Combined IL-15/IL-15Rα Immunotherapy Maximizes IL-15 Activity In Vivo

IL-15 has substantial potential as an immunotherapeutic agent for augmenting immune responses. However, the activity of IL-15 is mediated by a unique mechanism in which the cytokine is transpresented by cell-bound high-affinity IL-15Rα to target cells expressing the IL-15Rβ and the common γ-chain. Thus, the efficacy of administered IL-15 alone may be limited by the availability of free IL-15Rα. We now show that administration of soluble IL-15/IL-15Rα complexes greatly enhanced IL-15 half-life and bioavailability in vivo. Treatment of mice with this complex, but not with IL-15 alone, resulted in robust proliferation of memory CD8 T cells, NK cells, and NK T cells. The activity of the complex required IL-15Rβ, but not IL-15Rα, expression by the responding cells and was IL-7-independent. Interestingly, IL-15/IL-15Rα immunotherapy also caused naive CD8 T cell activation and development into effector cells and long-term memory T cells. Lastly, complexed IL-15, as compared with IL-15 alone, dramatically reduced tumor burden in a model of B16 melanoma. These findings hold significant importance for the use of IL-15 as a potential adjuvant/therapeutic and inducer of homeostatic proliferation, without the necessity for prior immunodepletion.

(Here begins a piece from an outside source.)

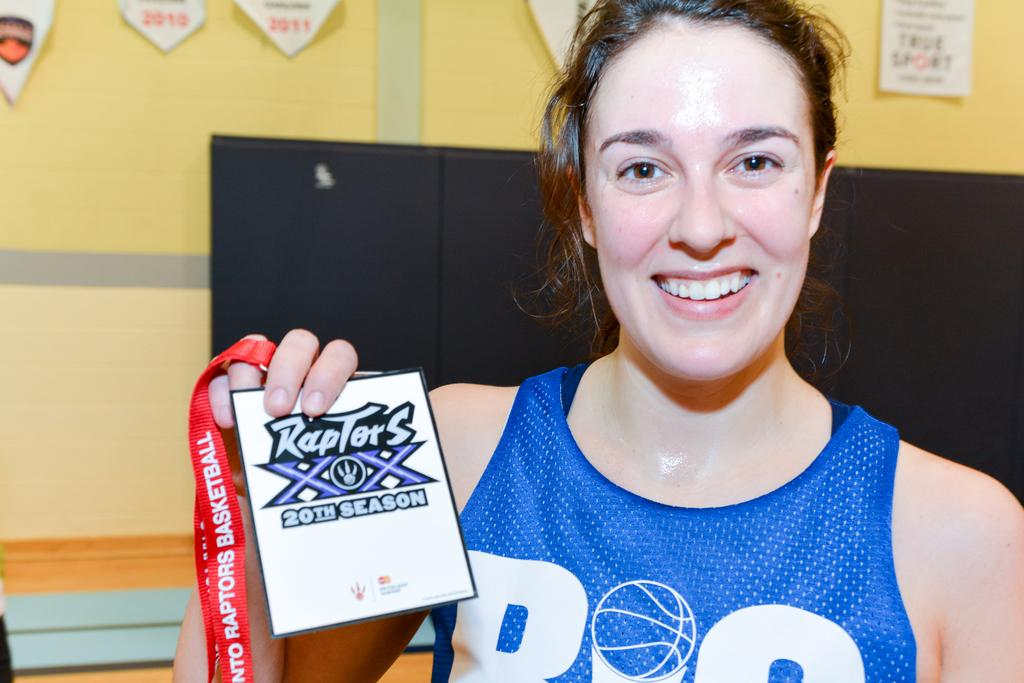Who is in the image? There is a woman in the image. What is the woman doing in the image? The woman is looking at something and smiling. She is also holding cards with tags. What can be seen in the background of the image? There is a black color object, a wall, stickers, and a wooden surface in the background. How much wealth does the doll in the image possess? There is no doll present in the image, so it is not possible to determine the doll's wealth.

Activated Primary and Memory CD8 T Cells Migrate to Nonlymphoid Tissues Regardless of Site of Activation or Tissue of Origin

Following activation within secondary lymphoid tissue, CD8 T cells must migrate to targets, such as infected self tissue, allografts, and tumors, to mediate contact-dependent effector functions. To test whether the pattern of migration of activated CD8 T cells was dependent on the site of Ag encounter, we examined the distribution of mouse Ag-specific CD8 T cells following local challenges. Our findings indicated that activated CD8 T cells migrated pervasively to all nonlymphoid organs irrespective of the site of initial Ag engagement. Using an adoptive transfer system, migration of nonlymphoid memory cells was also examined. Although some limited preference for the tissue of origin was noted, transferred CD8 memory T cells from various nonlymphoid tissues migrated promiscuously, except to the intestinal mucosa, supporting the concept that distinct memory pools may exist. However, regardless of the tissue of origin, reactivation of transferred memory cells resulted in widespread dissemination of new effector cells. These data indicated that recently activated primary or memory CD8 T cells were transiently endowed with the ability to traffic to all nonlymphoid organs, while memory cell trafficking was more restricted. These observations will help refine our understanding of effector and memory CD8 T cell migration patterns.

IL-2 Is Not Required for the Initiation of CD8 T Cell Cycling but Sustains Expansion

Based primarily on in vitro data, IL-2 is believed to be the key cytokine for initiation of the cell cycle of activated T cells. However, the role of IL-2 remains unresolved for T cell responses in vivo. We examined whether the absence of IL-2-mediated signaling in CD8 T cells affected initiation of proliferation. Our results conclusively demonstrated that initial division of Ag-specific CD8 T cells following priming was IL-2 independent, regardless of the context in which Ag was presented. In contrast, the latter stage of the proliferative phase was IL-2-dependent, particularly in nonlymphoid tissues. Thus, activated CD8 T cells initially undergo IL-2-independent proliferation, but reach a critical juncture where the requirement for IL-2 as a growth factor gains prominence.